In another example, adjusting evacuation of the fuel system and the evaporative emissions system may further include controlling evacuation of the fuel system and the evaporative emissions system in order to reach a threshold negative pressure in the fuel system and the evaporative emissions system at a time that coincides with the vehicle coming to a stop at the traffic light. As an example, in response to the threshold negative pressure being reached in the fuel system and the evaporative emissions system, the fuel system and the evaporative emissions system may be sealed.
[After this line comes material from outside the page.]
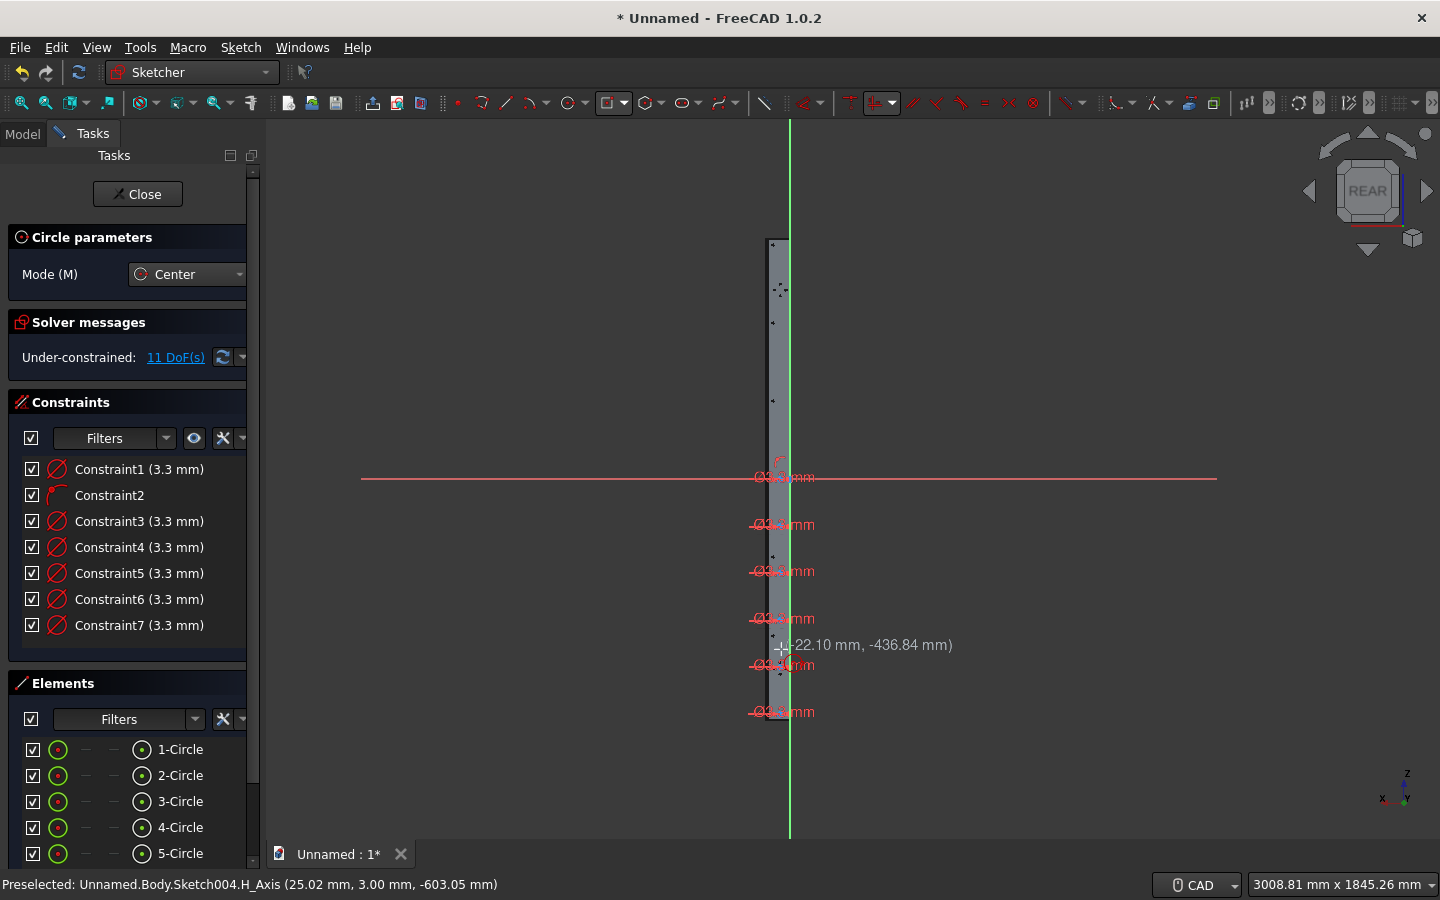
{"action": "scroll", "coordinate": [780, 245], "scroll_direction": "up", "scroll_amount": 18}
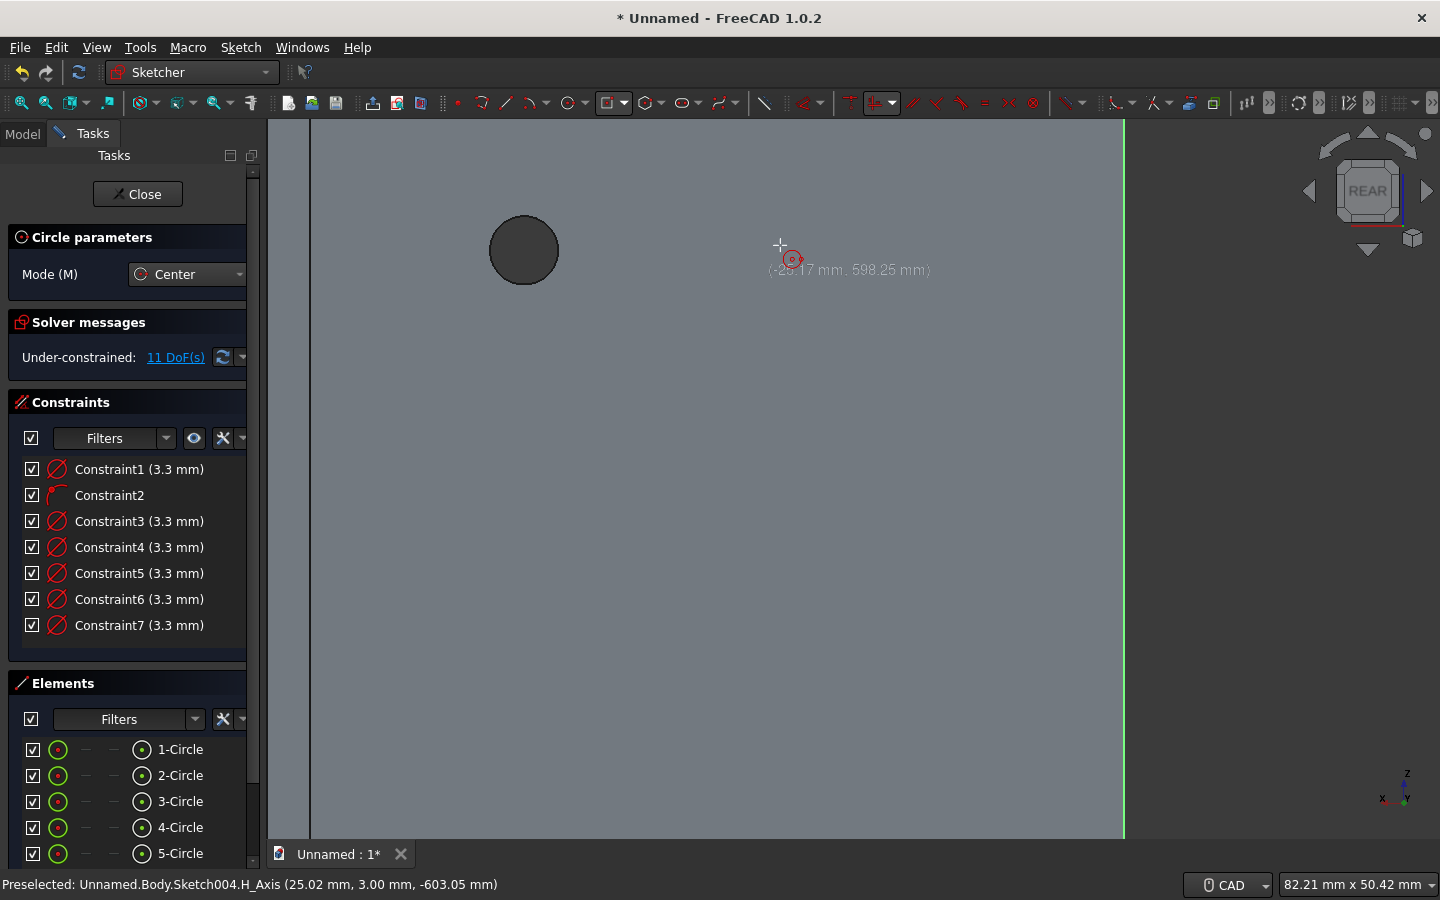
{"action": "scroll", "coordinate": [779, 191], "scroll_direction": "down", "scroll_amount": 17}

A pressure bleed-up may be monitored in the sealed fuel system and evaporative emissions system to indicate the presence or the absence of undesired evaporative emissions stemming from the fuel system and/or the evaporative emissions system while the vehicle is stopped at the traffic light.
As another example, the method may include maintaining current vehicle operating conditions without adjusting evacuation of the fuel system and the evaporative emissions system in response to an indication that the vehicle is predicted to pass through the traffic light without stopping.
The above advantages and other advantages, and features of the present description will be readily apparent from the following Detailed Description when taken alone or in connection with the accompanying drawings.
It should be understood that the summary above is provided to introduce in simplified form a selection of concepts that are further described in the detailed description. It is not meant to identify key or essential features of the claimed subject matter, the scope of which is defined uniquely by the claims that follow the detailed description. Furthermore, the claimed subject matter is not limited to implementations that solve any disadvantages noted above or in any part of this disclosure.